When students (or faculty or staff, for that matter) select an institution of higher learning, overall rankings may obscure the information individuals most need to make an informed choice. Some of the best research institutions in the country show relatively little concern with teaching and some of the best teaching institutions put only modest emphasis on research. Of course, there are institutions that care about both and even those that care about neither (so long as they meet their projected bottom line). If one were to select an institution solely on overall quality, one would miss these important differences and many others, such as size, view of undergraduate versus graduate versus professional students, kind of campus life, role of religion on campus, salience of athletics on campus, availability of particular degree programs, pride in traditions, and so forth. In the case of my own institution, Oklahoma State University, the rankings would not take into account its fidelity to its land-grant mission of serving the state of Oklahoma, the nation, and the world.

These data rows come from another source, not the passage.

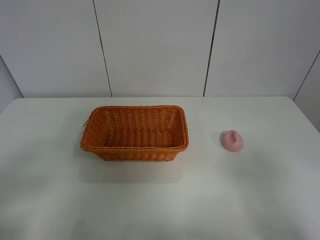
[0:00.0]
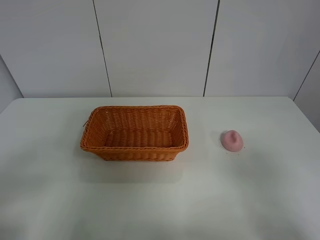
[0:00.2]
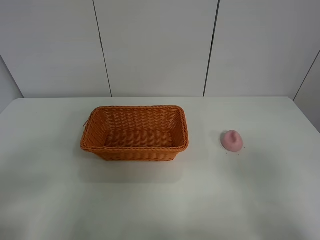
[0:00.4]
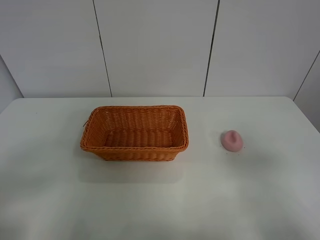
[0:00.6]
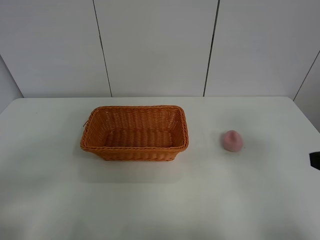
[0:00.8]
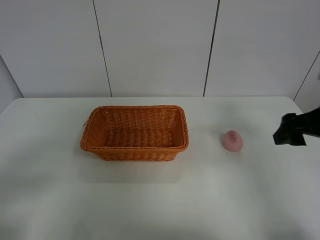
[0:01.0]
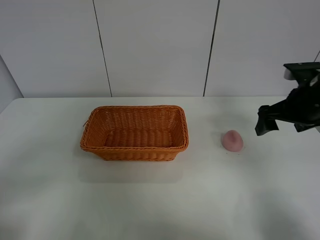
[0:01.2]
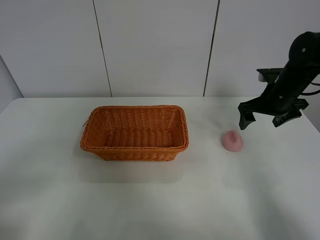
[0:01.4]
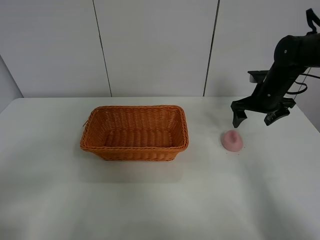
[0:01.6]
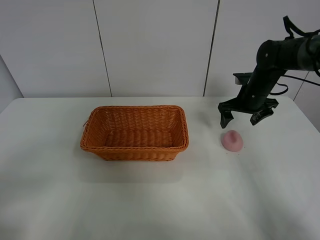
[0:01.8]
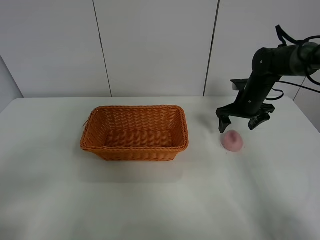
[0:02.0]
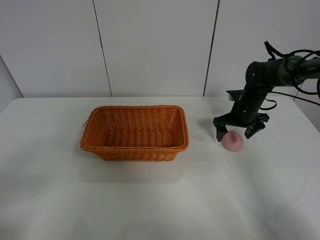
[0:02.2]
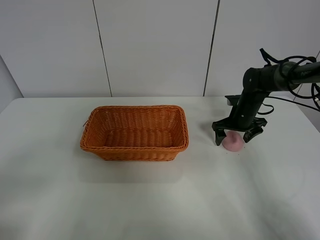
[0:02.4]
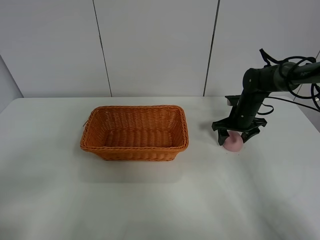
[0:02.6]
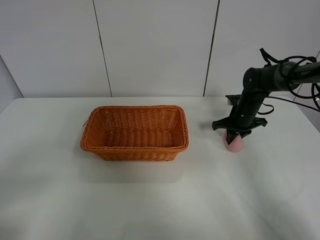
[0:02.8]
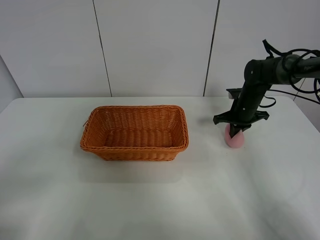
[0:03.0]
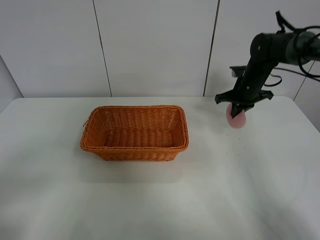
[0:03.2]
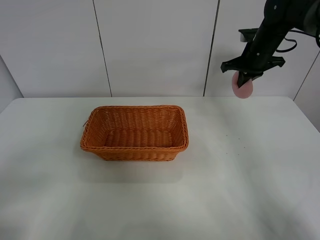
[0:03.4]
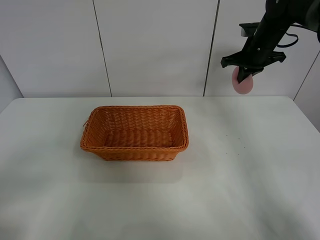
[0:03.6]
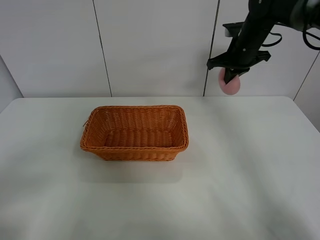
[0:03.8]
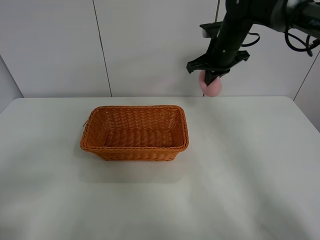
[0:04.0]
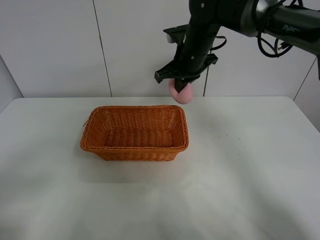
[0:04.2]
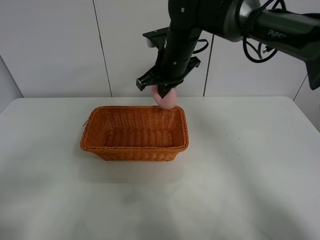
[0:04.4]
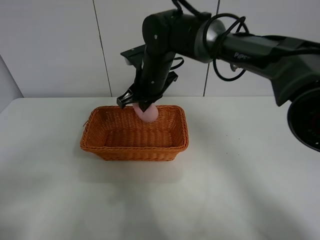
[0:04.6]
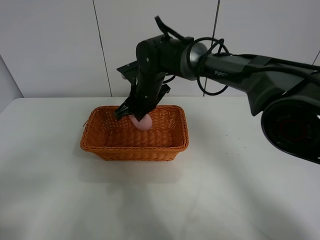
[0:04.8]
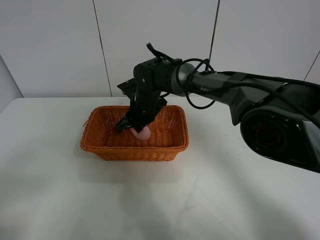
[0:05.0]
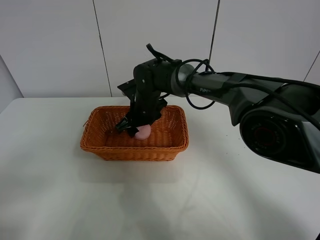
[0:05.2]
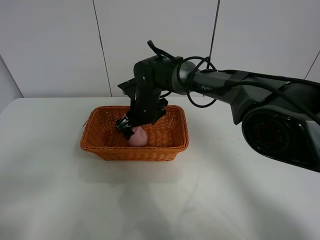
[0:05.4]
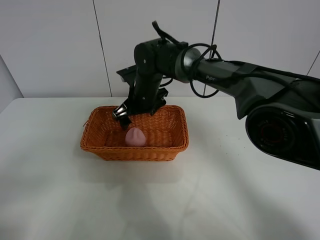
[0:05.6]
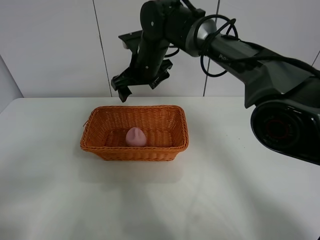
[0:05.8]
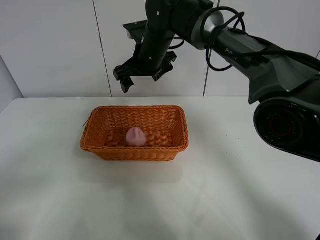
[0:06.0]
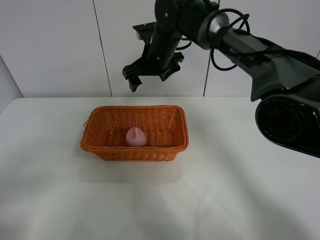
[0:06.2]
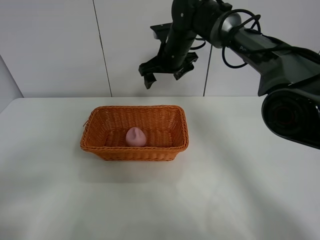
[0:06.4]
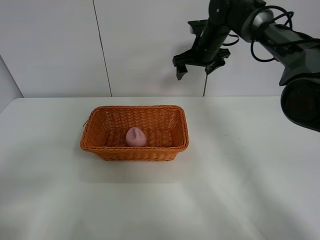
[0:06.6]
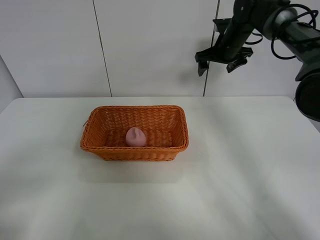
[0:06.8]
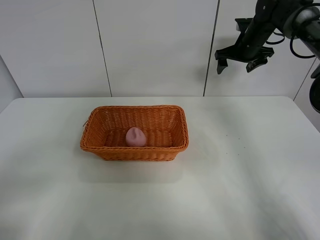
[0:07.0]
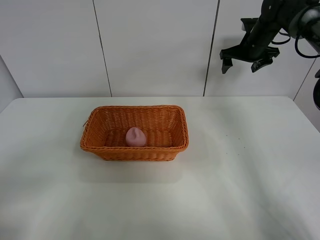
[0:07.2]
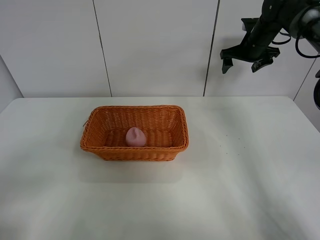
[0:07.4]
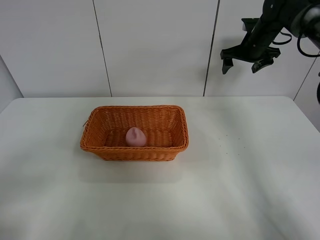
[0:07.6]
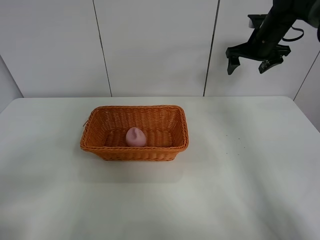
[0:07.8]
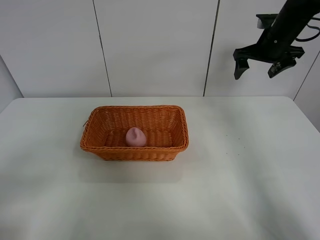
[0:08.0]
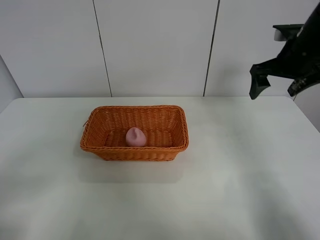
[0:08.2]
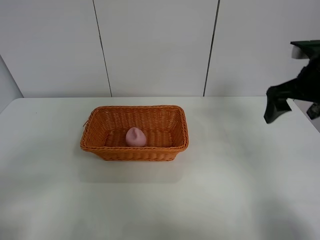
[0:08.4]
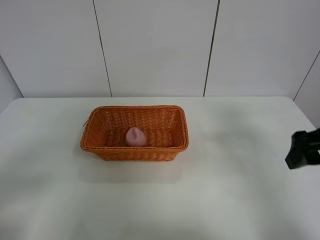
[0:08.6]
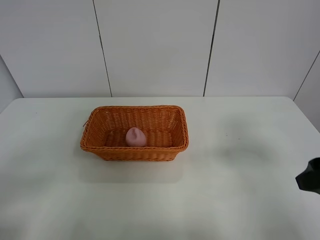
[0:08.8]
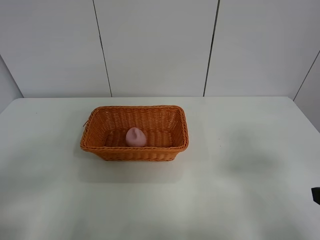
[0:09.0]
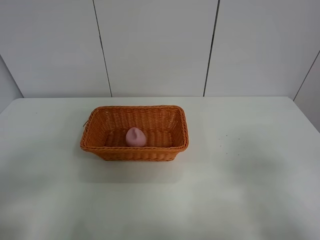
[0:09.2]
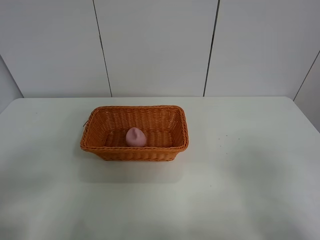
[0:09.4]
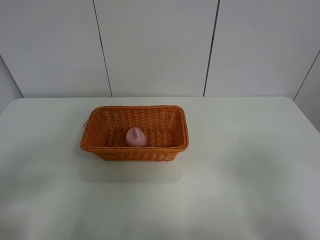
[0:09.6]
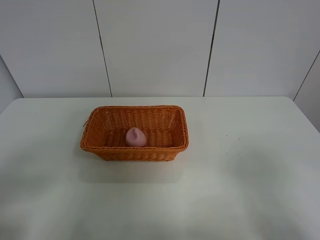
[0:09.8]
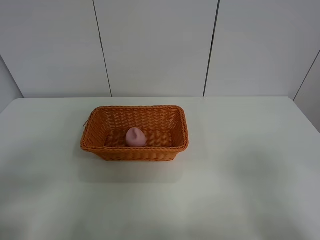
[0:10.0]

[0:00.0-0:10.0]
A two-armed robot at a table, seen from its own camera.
Step, 0:00.0 to 0:02.8: Grasp the peach with right gripper.
Step, 0:03.0 to 0:06.0: Place the peach in the basket with right gripper.
0:00.0 to 0:01.4: The right gripper shifts about 35 cm forward.
0:01.4 to 0:02.8: The right gripper shifts approximately 10 cm downward and forward, and closes up.
0:02.8 to 0:04.2: The right gripper shifts roughly 25 cm to the left and upward.
0:04.2 to 0:05.8: The right gripper heads to the left, covering about 10 cm, moves about 15 cm downward and comes back, and opens its fingers.
0:05.8 to 0:07.2: The right gripper shifts roughly 30 cm to the right.
0:07.2 to 0:08.6: The right gripper is displaced backward by approximately 35 cm.
0:08.6 to 0:10.0: The right gripper heads backward, covering about 15 cm.

As with individual qualities of mind, one can and probably should become even more specific when evaluating institutions. With regard to research, one institution may excel in basic research, another in applied research. With regarding to teaching, one institution might have fine teaching in large lectures but few small seminars because of a large ratio of students to teaching faculty; another institution might have excellent teaching, most of it through small seminars. Such differences are consequential for students because they provide different kinds of education. Overall ratings fail to take these differences into account. For example, college students may think that higher rankings mean a better education, when in fact they may mean that professors are less available to college students, not more.

At some level, students applying to college and scholars looking for jobs know all this. But they, or their parents or other family members, may be willing to overlook the particular qualities that make institutions differentially great in favor of some overall prestige or reputational factor, possibly the result of evaluations by people who know little or even nothing about the schools they are evaluating. In the human-abilities field, one can see the same problem when some institutions become enamored of composite standardized test scores while largely ignoring the individual qualities that make a particular applicant unique; similarly, applicants may become enamored of the overall ranking and ignore important differences in institutions. But if people — whether students or employees — are unhappy with their institutional choice, it will not likely be because of overall prestige but rather because the mismatch of the institution to their personal preferences and goals.

A further obvious problem is that the presidents, provosts, and admissions deans making certain ones of the ratings generally know very little about the large majority of the institutions they are rating, and are likely to fall into the trap of giving ratings on the basis of stereotypes. So, at least in “reputational ratings,” one may learn more about prevailing stereotypes than about institutional qualities. It is perhaps embarrassing that people in top positions would fall into the trap of providing ratings based on stereotypes — or that anyone would ask them to do these ratings — but we all are susceptible to falling into these traps in various aspects of our lives.

If evaluators of institutions truly wanted to perform a service for seekers of instruction and of jobs, they would rate the schools in terms of the dimensions that matter to potential applicants and pay little or no attention to overall ratings, which may mean relatively little. Indeed, providing such an overall rating may tempt people to simplify their evaluations in a way that ultimately hurts both the institution and themselves. Evaluators of institutions could learn from psychological research that often the most interesting information is not at the top level of a hierarchy, but somewhere in the middle. It is at this middle level that the information is to be found that will matter most in decision making about institutions of higher learning.


Robert J. Sternberg is provost, senior vice president and professor of psychology at Oklahoma State University.